Nous vous renouvelons nos sincères félicitations pour votre distinction au concours international de vulgarisation scientifique « Ma thèse en 180 secondes ». Parlez-nous davantage de votre thèse.
Merci. Mon projet de thèse est né suite au constat amer du manque de données scientifiques sur l’origine génétique des troubles de développement en Afrique en générale et en Afrique centrale en particulier, en plus d’une mauvaise prise en charge. En Afrique, les enfants avec ces troubles sont pour la plupart marginalisés : ils sont considérés comme des sorciers, parfois abandonnés dans la rue, certains à l’origine de séparation des parents. Très peu bénéficient d’une éducation spécialisée.

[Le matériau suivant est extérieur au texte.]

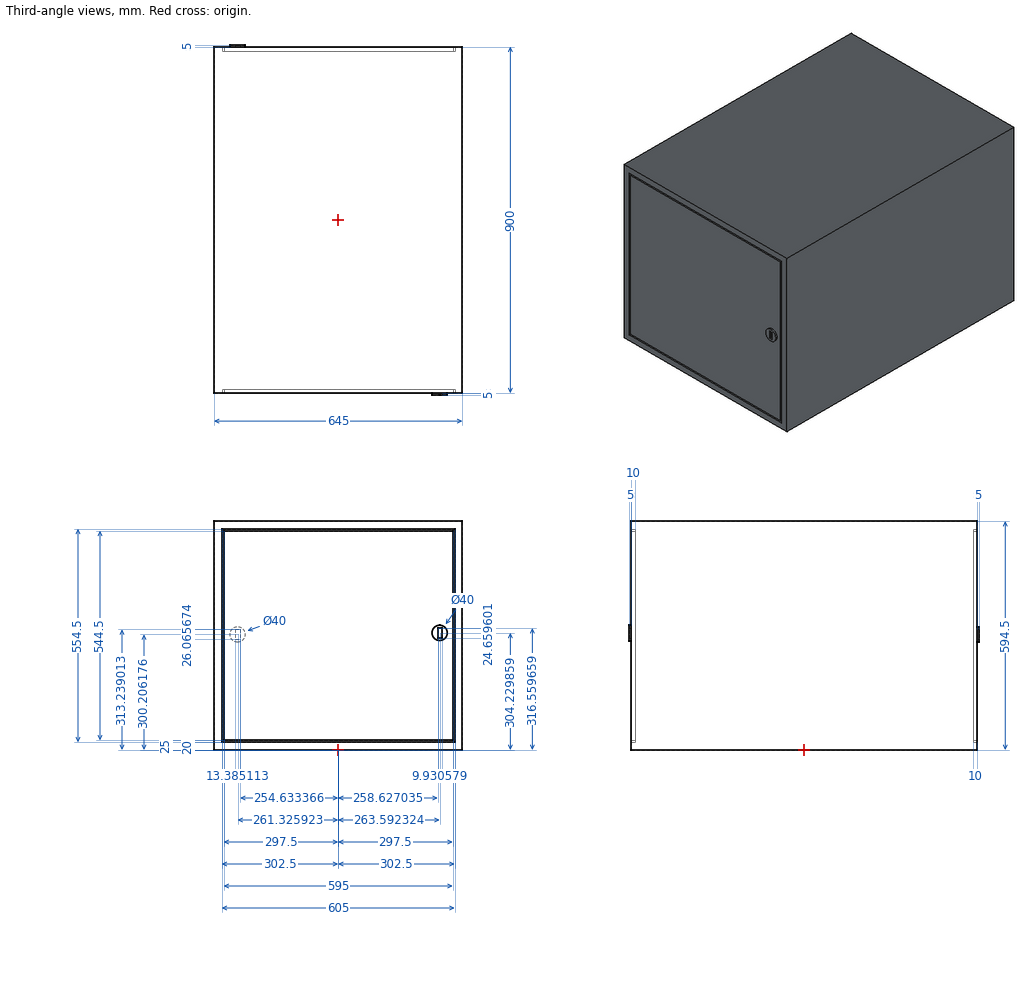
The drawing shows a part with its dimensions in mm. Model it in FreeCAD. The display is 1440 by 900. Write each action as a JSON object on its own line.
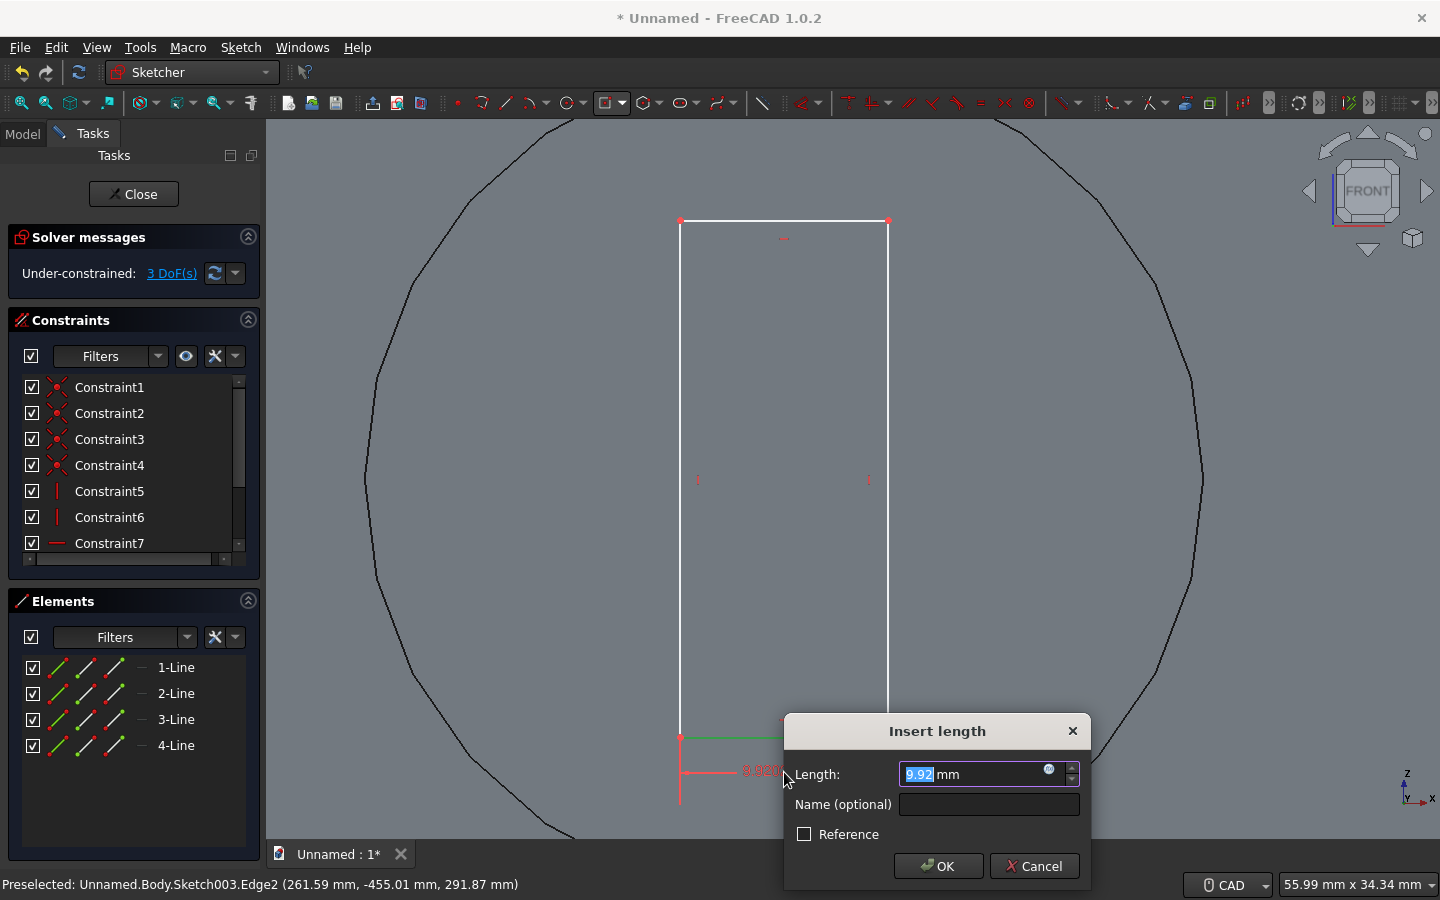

Ma thèse consiste donc à aller chercher ces enfants à problèmes spéciaux, exclure au préalable ceux chez qui un diagnostic clinique peut être évoqué pour ne garder que ceux dont elle est génétique. Ensuite je procède à un examen clinique et morphologique en recherchant des signes qui s’écarteraient de la « normale » au niveau de la tête, du visage, des membres, bref sur tout le corps. C’est ce que nous appelons en génétique la dysmorphologie. Dans un second temps, avec l’accord des parents, je prélève le sang de l’enfant malade, du père et de la mère, dans lequel j’extrais l’ADN à partir des globules blancs. Après quoi je fais analyser ces ADN en trio à l’aide du Séquençage génétique de nouvelle génération pour détecter les anomalies. Je compare ensuite les mutations retrouvées dans l’ADN de l’enfant aux séquences des ADN des parents pour déterminer le type de transmission chez l’enfant. À l’aide de logiciels spécifiques et des données de la littérature, j’établis une corrélation entre la mutation ou les mutations retrouvé(es) chez l’enfant ainsi que son tableau clinique/morphologique. Lorsque le lien de causalité est établi, le Décryptage génétique de son trouble est fait.
Cet enfant sera pris en charge par une équipe pluridisciplinaire en fonction des différentes affections retrouvées pour favoriser son autonomie et sa réintégration dans la société. Le but ultime c’est d’avoir une base des données des enfants africains atteints de ces troubles, une sorte de cartographie avec iconographie pour améliorer leur prise en charge.
Parlez-nous de votre préparation à la finale internationale MT180 ?
Elle a été un peu difficile car j’avais plusieurs choses à faire. Je ne suis pas parti directement de mon pays, la République démocratique du Congo, mais de la Belgique. En effet j’y étais depuis plus d’une semaine avant la finale internationale. Il fallait donc que je me concentre sur mon travail au laboratoire et que je puisse prendre des moments de pause pour améliorer mon texte et répéter. Sans oublier les réunions de travail en ligne. Chaque soir avant de me coucher, je répétais mon texte, essayant de l’améliorer au regard des prestations antérieures de MT180 sur les réseaux sociaux.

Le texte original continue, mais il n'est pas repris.